To leave or not to leave: that is the question
Have you ever thought about leaving South Africa? Do you feel like spitting on someone who would even consider it? Or have you already left?
At one point or another, I've been all three. So perhaps that's why I've found "Should I stay or should I go", a collection of writing about leaving South Africa (or, in some cases, returning or staying put), has a special resonance.
The stories are always riveting, always compelling, sometimes infuriating. Andre Brink's piece was written after the brutal murder of his nephew. He wrote why he chose, in the aftermath of such a tragedy, to stay in South Africa. Brink harbours no illusions about this country - and he captures, with brutal precision, the corrosive decline of our young democracy, weakened by corruption and its leaders' contempt for the rule of law. But his decision to stay is because of his love for South Africa - a love that even this most seasoned of scribes struggles to define or explain, but which so many of its citizens, myself included, have experienced.
I relished Ways of Staying author Kevin Bloom's appreciation that South Africa is the best possible place to map out his own identity. It is in this place of bewildering complexity and excitement, that the writer can determine his own place in the world.

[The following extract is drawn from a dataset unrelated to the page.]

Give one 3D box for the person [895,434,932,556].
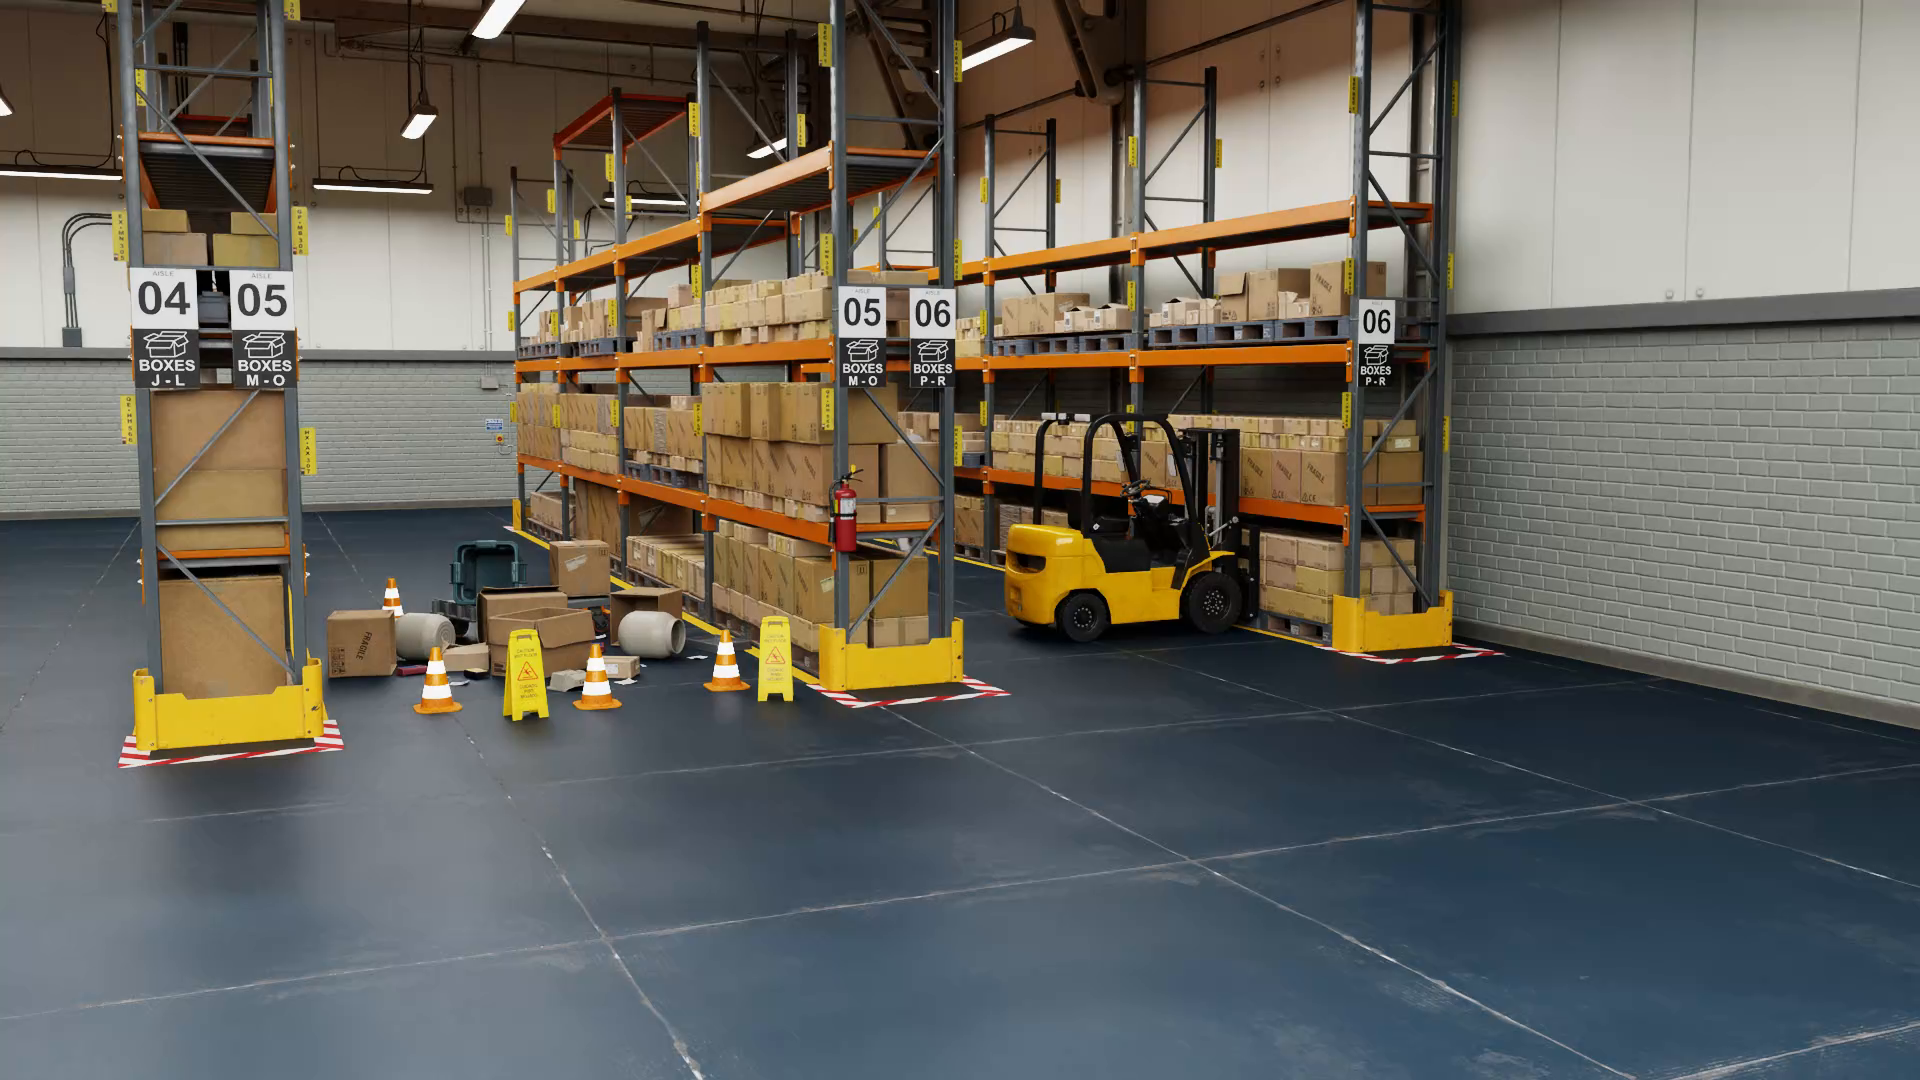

Journalist Gillian Tucker's grappling with homesickness is understandable, but the conclusions drawn from her visit back to South Africa after living for 14 years in Canada, were not. She contrasts the opulence of her accommodation with the shoddy service she received. To her, this somehow embodies what South Africa has become. I found that strange - poor service is an issue in many parts of the world. Her bad luck to experience it both in Johannesburg and Cape Town is more indicative of insufficient research on TripAdvisor than a meaningful truth about the country.